张一天被李籽沐搅着也没有办法,一下从床上坐了起来,“你怎么了?睡不着吗?”他淡淡地询问,其实心里却是心知肚明。
自从见过了豫王爷,说起了那些事情之后,她就一直这样,难道是为了那孩子担心吗?张一天也是从心里喜欢那孩子,但是怎么说那也是皇上的儿子,就是再同情、再喜欢,他将来也要回去当皇上,一切都不在他们的控制当中,他也觉得非常无力。

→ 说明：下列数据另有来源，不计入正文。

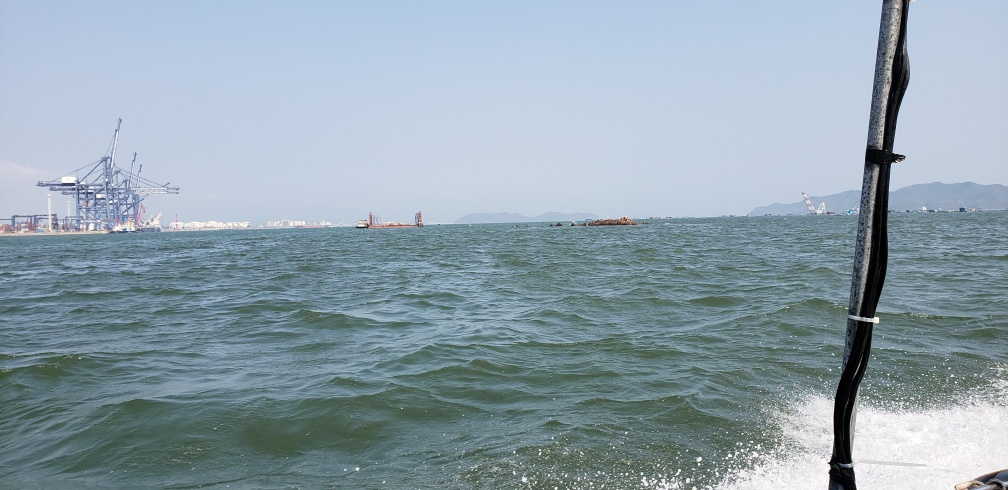Can you tell me more about the body of water captured in this image? The water in the image is a vast expanse, indicative of a sea or ocean. Its choppy surface reflects the light, suggesting some wind activity and the presence of those swellings is typical of large, open bodies of water. 
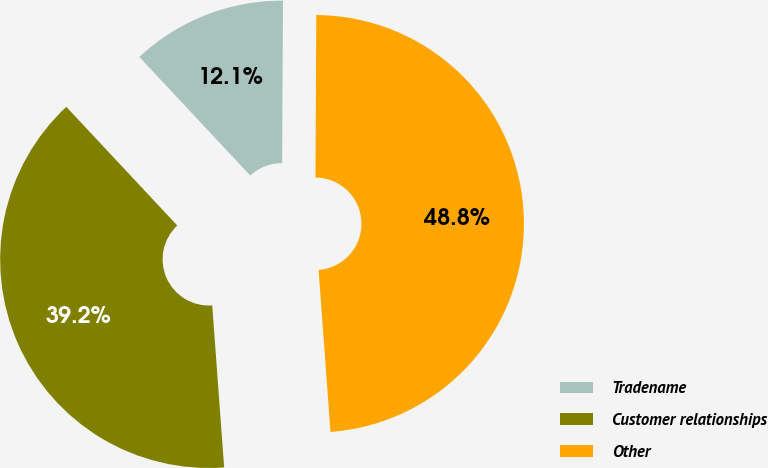<chart> <loc_0><loc_0><loc_500><loc_500><pie_chart><fcel>Tradename<fcel>Customer relationships<fcel>Other<nl><fcel>12.05%<fcel>39.2%<fcel>48.75%<nl></chart> 
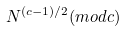Convert formula to latex. <formula><loc_0><loc_0><loc_500><loc_500>N ^ { ( c - 1 ) / 2 } ( m o d c )</formula> 
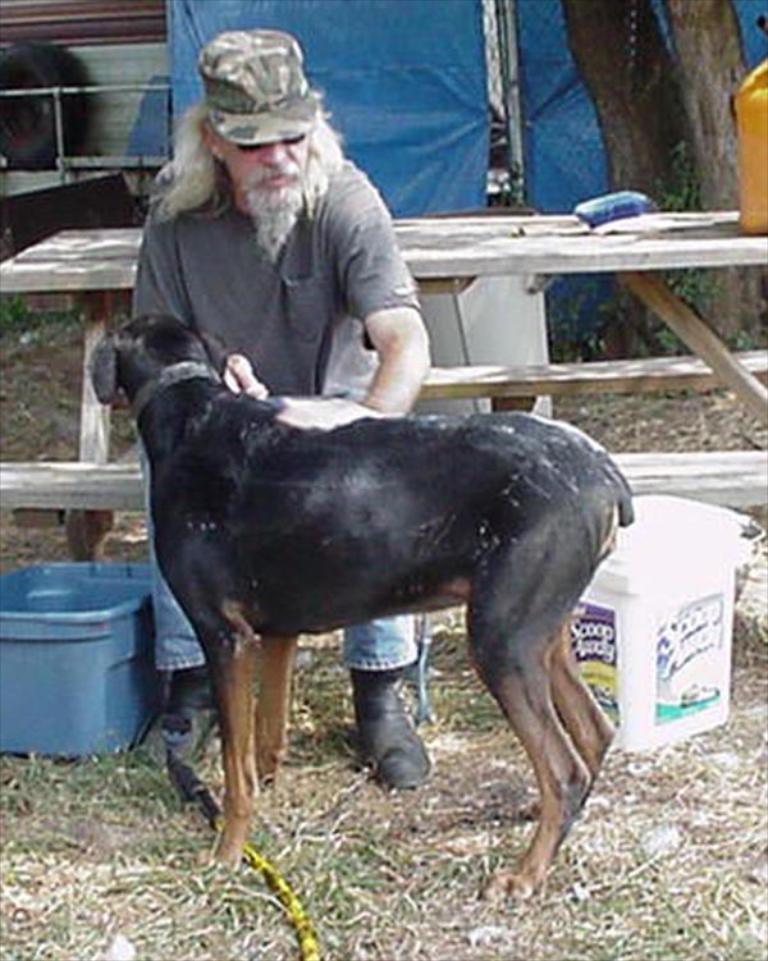Please provide a concise description of this image. In this image, we can see a person and a dog. We can see the ground with some objects. We can also see some grass and the wooden bench. We can also see an object on the right. In the background, we can see the blue colored object and the fence. We can also see the trunk of a tree. We can see a tyre. 
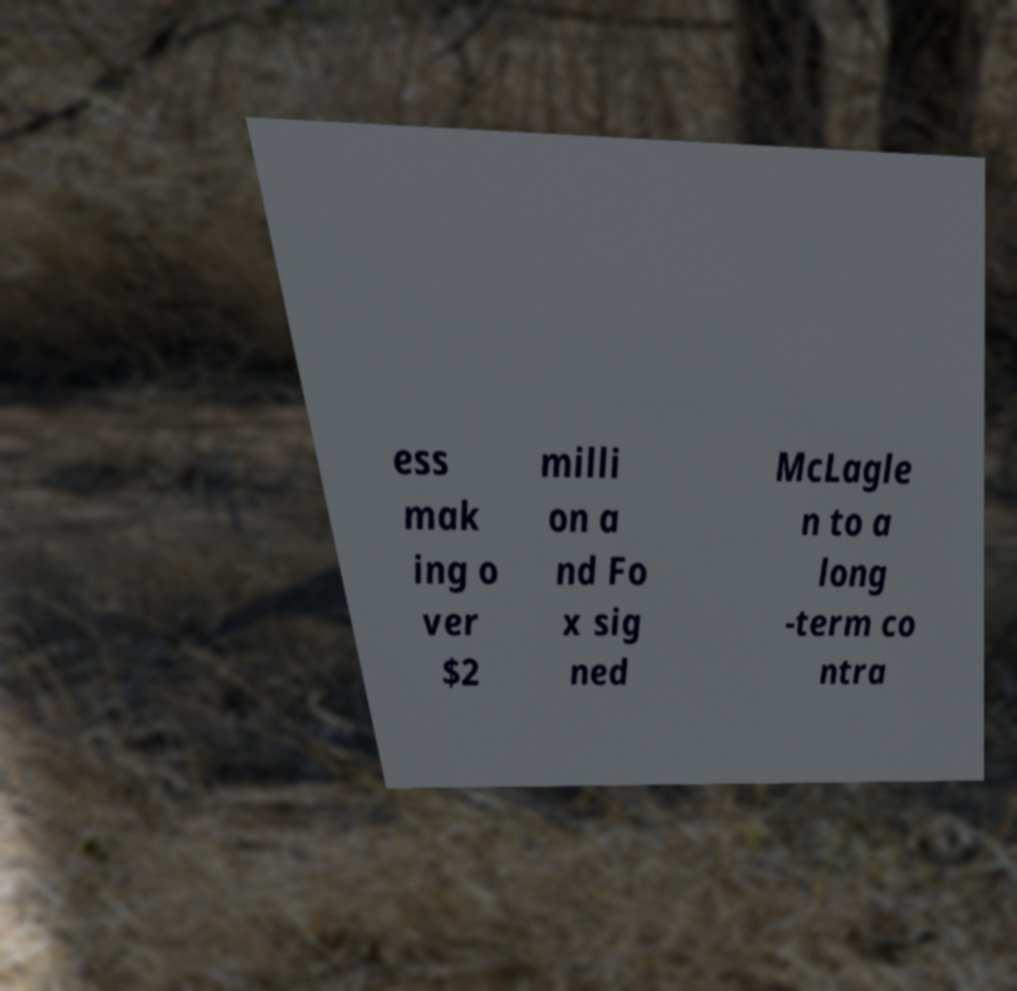Can you read and provide the text displayed in the image?This photo seems to have some interesting text. Can you extract and type it out for me? ess mak ing o ver $2 milli on a nd Fo x sig ned McLagle n to a long -term co ntra

“是啊!我觉得那孩子过不了多久可能就要成为一国之君,如果是那样的话,他就必须快速成长,也许从现在开始,就不能让他总顾着玩儿了,必须要好好培养他,让他迅速变成一个可以胜任皇上这个位置的人。”李籽沐一边摸着额头,一边愁容满面地说。
张一天叹了口气,“没错,不过皇上如果幼小,会安排摄政的,这个你放心。”
“摄政?你以为那些摄政都是什么好东西吗?几十年前的那场差点儿成功的篡位大戏是怎么发生的,难道你没有读过书?摄政是忠良还好,万一是个隐藏很深的宵小之徒,那可如何是好?你要好好照顾皇上的身体,一定要让皇上长长远远地活下去,至少等这孩子长大,不然,我放心不下。”李籽沐虽然不是皇家出身,还是也是饱读诗书的人,当然也看过一些史书。
史书的那场三十年前的篡位闹剧就是因为摄政的问题发生的,她不希望这种事再次发生,搞得天下不宁。
“你是个大夫,还是好好治病救人的好,这种事就不要操心了,你放心,我一定会好好保护皇上的身体,你也小心些,以后出门注意点儿,不要让人跟到,不然的话,小殿下在这里的事情就要暴露,搞不好还没当上皇上,他就会遭人惦记了。”张一天小声地对李籽沐。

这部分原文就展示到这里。